## What this task involves:
Scan the material for the string "font" and copy out every line in which it occurs.

== Provided material ==

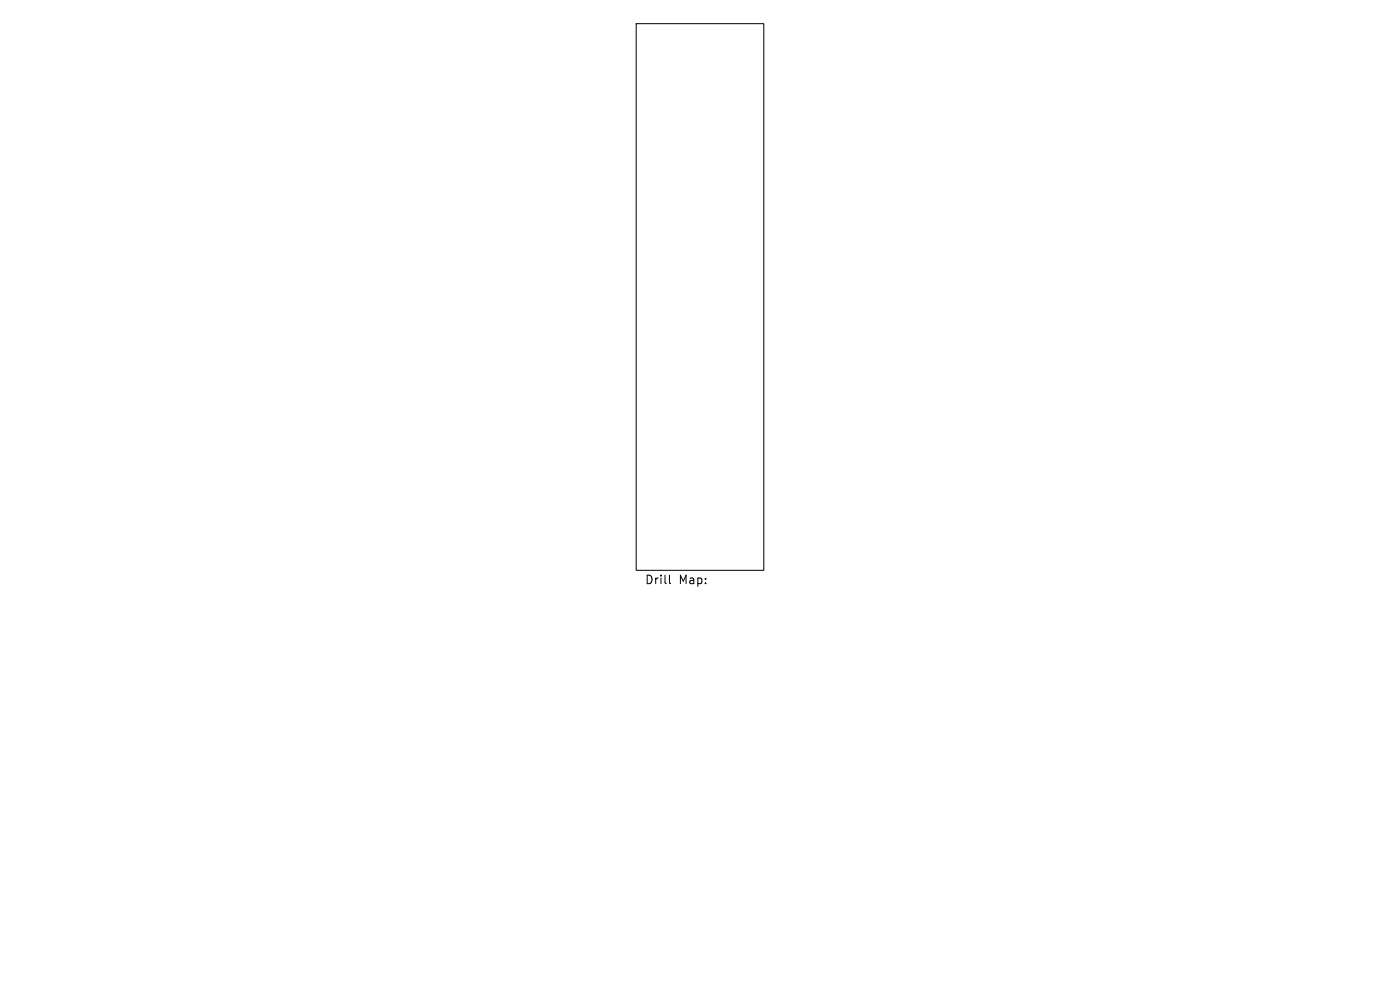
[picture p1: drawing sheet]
<svg xmlns="http://www.w3.org/2000/svg" width="297mm" height="210mm" viewBox="0 0 297 210" stroke-linecap="round" stroke-linejoin="round" font-family="sans-serif">
<defs><g id="words">
<g font-size="2.5">
<text x="136.7" y="124.2">Drill</text>
<text x="144" y="124.2">Map:</text>
</g>
</g></defs>
<path d="M135 5h27v116h-27zM142 122v1.6l.3 .2" fill="none" stroke="#000" stroke-width=".21"/>
<use href="#words"/>
</svg>

===

## Task response:
<svg xmlns="http://www.w3.org/2000/svg" width="297mm" height="210mm" viewBox="0 0 297 210" stroke-linecap="round" stroke-linejoin="round" font-family="sans-serif">
<g font-size="2.5">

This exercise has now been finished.